● **BRIEF**: Count the lines below that contain the word "with", and state only that number.

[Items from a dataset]
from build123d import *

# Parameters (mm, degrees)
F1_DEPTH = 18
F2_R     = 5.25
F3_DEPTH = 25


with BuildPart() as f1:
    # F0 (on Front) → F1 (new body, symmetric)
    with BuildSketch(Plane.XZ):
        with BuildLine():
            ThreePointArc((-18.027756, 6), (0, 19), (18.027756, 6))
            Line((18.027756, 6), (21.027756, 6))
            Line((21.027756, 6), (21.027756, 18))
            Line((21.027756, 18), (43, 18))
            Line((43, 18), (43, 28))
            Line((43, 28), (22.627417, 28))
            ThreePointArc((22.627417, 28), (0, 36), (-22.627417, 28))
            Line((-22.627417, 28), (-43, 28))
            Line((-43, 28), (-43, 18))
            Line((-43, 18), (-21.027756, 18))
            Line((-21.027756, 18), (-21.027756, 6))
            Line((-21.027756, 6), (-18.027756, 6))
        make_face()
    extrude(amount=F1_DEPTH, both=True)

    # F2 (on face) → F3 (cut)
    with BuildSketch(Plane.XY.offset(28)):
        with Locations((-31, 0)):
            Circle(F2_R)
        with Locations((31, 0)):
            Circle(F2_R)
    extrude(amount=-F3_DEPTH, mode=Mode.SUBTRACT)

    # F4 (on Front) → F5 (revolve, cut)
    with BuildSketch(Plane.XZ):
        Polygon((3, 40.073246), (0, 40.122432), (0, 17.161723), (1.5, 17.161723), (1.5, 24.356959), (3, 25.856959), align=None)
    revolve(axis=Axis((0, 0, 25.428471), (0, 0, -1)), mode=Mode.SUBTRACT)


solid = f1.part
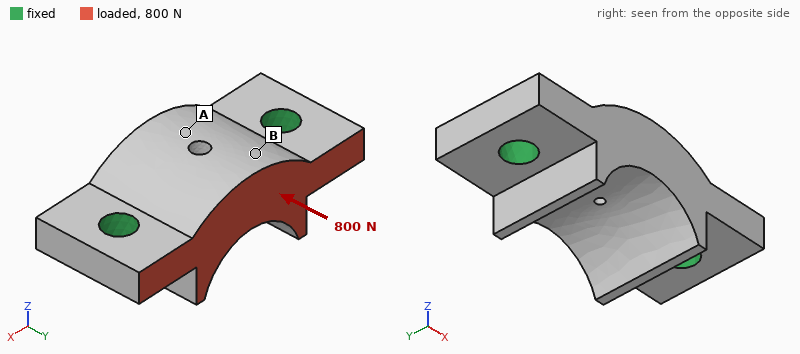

● **SOLUTION TO THIS PROBLEM**: 7